Encyclopedia of Jazz Musicians
Balmer, Bruce, guitarist, singer, songwriter; b. Margaretville, New York, at 1:35 AM, Tuesday, 7 November 1950. His father was Edward Balmer, b. 1917, d. 1998, and his mother, the former Margaret Etta Botts, b. 1918, d. 1994. His brother William Edward, b. 1945, a much-loved bass player in Woodstock, NY's local scene, passed in 1995. He has two surviving brothers, Barton Harry, b. 1948, and sax, flute and clarinet player Brian Craig MacGillivray, b. 1955, and a sister, Candace Claybourne, b. 1958.
He lived till age 7 with his family in Big Indian, New York, where his father had a woodworking shop. He started piano lessons there with Jane Rubin at age 5. His family moved to Shady, a hamlet in the town of Woodstock, New York, in 1958, when there were still a few working farms left, continuing piano with Alice Jeffrey. His father, a swimming pool contractor who played bass balalaika, and mother, an accordionist and classically trained pianist, hosted weekly get-togethers of musicians, who would play pop songs ranging from "Up A Lazy River" to "Girl From Ipanema" to "Stardust Melody." Bruce would fall asleep listening, or later be playing along on tenor guitar or banjo, even. At about age 15, his older brother Bart showed him how to play an "E" chord on his 6-string classic guitar, and he has not let many days go by since without picking up and playing some version of said instrument. From 1968 to 1972 he was a student of chorus, piano, harmony and analysis under tutelage of Blanch Moyse at Marlboro College, where he received a B.A.

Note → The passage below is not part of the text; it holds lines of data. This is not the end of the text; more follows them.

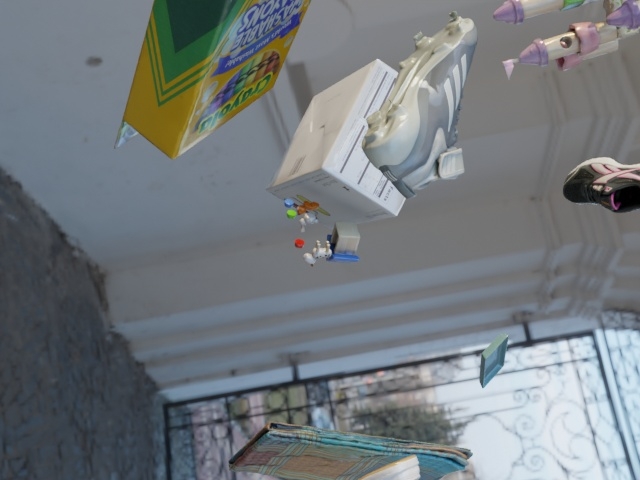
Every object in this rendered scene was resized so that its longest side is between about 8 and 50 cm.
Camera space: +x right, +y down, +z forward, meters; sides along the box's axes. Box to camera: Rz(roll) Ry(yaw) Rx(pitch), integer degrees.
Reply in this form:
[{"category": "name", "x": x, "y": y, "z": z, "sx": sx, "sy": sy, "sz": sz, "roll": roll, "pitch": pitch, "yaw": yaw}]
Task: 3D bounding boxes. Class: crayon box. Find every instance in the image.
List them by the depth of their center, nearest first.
[{"category": "crayon box", "x": -0.102, "y": -0.227, "z": 0.939, "sx": 0.203, "sy": 0.083, "sz": 0.323, "roll": -46, "pitch": 172, "yaw": -41}]

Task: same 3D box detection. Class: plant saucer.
[{"category": "plant saucer", "x": 0.331, "y": 0.231, "z": 1.647, "sx": 0.018, "sy": 0.067, "sz": 0.192, "roll": 40, "pitch": -14, "yaw": 23}]

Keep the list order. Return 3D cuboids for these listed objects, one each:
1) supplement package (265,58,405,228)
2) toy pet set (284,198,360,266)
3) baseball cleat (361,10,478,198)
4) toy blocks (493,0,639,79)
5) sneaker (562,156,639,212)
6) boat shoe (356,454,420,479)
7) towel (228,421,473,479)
[{"category": "supplement package", "x": 0.052, "y": -0.147, "z": 1.417, "sx": 0.204, "sy": 0.145, "sz": 0.262, "roll": -64, "pitch": -162, "yaw": -14}, {"category": "toy pet set", "x": 0.000, "y": 0.000, "z": 1.333, "sx": 0.122, "sy": 0.114, "sz": 0.065, "roll": -104, "pitch": -157, "yaw": -52}, {"category": "baseball cleat", "x": 0.110, "y": -0.124, "z": 0.827, "sx": 0.109, "sy": 0.072, "sz": 0.206, "roll": 50, "pitch": 58, "yaw": -24}, {"category": "toy blocks", "x": 0.446, "y": -0.479, "z": 1.617, "sx": 0.309, "sy": 0.260, "sz": 0.288, "roll": -160, "pitch": -124, "yaw": -89}, {"category": "sneaker", "x": 0.418, "y": -0.074, "z": 1.226, "sx": 0.178, "sy": 0.077, "sz": 0.072, "roll": -7, "pitch": -61, "yaw": 54}, {"category": "boat shoe", "x": 0.080, "y": 0.413, "z": 1.282, "sx": 0.096, "sy": 0.098, "sz": 0.277, "roll": 62, "pitch": -39, "yaw": 27}, {"category": "towel", "x": 0.045, "y": 0.397, "z": 1.525, "sx": 0.271, "sy": 0.370, "sz": 0.040, "roll": 126, "pitch": -28, "yaw": -55}]

From High School to the early 90s, he played in many bands as lead guitarist. These were original rock groups, vocal groups, jazz guitar duo "Airtight" from 1974-75, and while living in Fort Collins, Colorado, in the early 80s, a number of country and western bands. Notable among these was the touring Stone Country Band, led by Johnny Western, the man who wrote the TV theme songs to "Have Gun, Will Travel," and "Johnny Yuma." While in Colorado, he wrote jazz and ballet compositions for students and teachers from Colorado State University, notably 1982's "Prakriti" for Susan Thomae's Pulse Dance Company and 1983's "It's A Joy" and "Rajo-Guna" for choreographer Kathleen Berman. Meanwhile, he developed his playing in local blues and jazz hangouts. Many unreleased tapes exist. This is when he started writing songs.

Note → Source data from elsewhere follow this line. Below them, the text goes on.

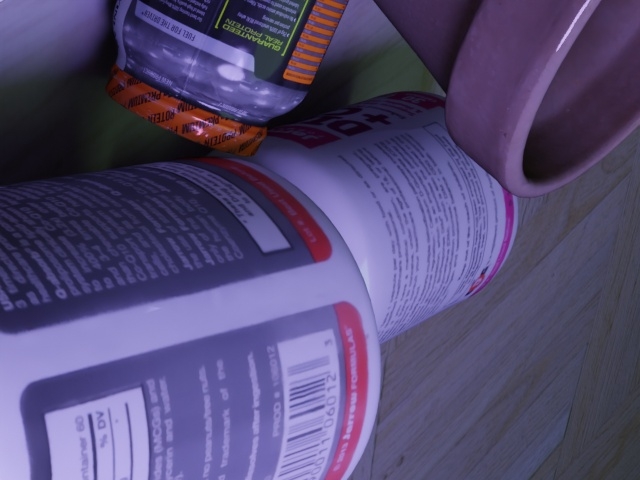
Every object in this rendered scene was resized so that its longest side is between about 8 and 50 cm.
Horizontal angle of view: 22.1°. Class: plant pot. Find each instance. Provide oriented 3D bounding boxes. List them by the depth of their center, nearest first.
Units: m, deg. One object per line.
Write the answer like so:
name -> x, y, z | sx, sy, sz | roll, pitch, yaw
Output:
plant pot -> 0.117, -0.194, 0.982 | 0.263, 0.229, 0.263 | -41, 157, -21

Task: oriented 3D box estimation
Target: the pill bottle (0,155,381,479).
pill bottle -> -0.156, 0.079, 0.779 | 0.363, 0.210, 0.210 | -12, 127, -49

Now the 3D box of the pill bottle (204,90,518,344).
pill bottle -> 0.000, 0.000, 1.075 | 0.283, 0.160, 0.160 | -23, 136, -54

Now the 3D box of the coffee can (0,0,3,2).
coffee can -> -0.179, -0.207, 0.450 | 0.201, 0.201, 0.275 | -53, 155, -16

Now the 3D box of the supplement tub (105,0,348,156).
supplement tub -> -0.039, -0.149, 0.889 | 0.117, 0.117, 0.190 | 4, 113, -64

He has also written for animated film's Bill Plympton, with music for the 1998 full-length animated feature, "I Married A Strange Person." In recent years, Bruce has been a singer/songwriter in the NYC area, playing regularly at The Baggot Inn. Since 2001, he has been attending the Songwriter's Collective, a well-known group of 27 years in Greenwich Village.
Bruce has been married and divorced twice. His daughter Freyja, b. 1973, plays bass, and his son Noah, b. 1976, plays guitar and mandolin in NYC.
He has been interviewed and received radio airplay from Shawn Rhodes at WBAI of New York and on "New Jersey's Talking" for WGHT of New Jersey.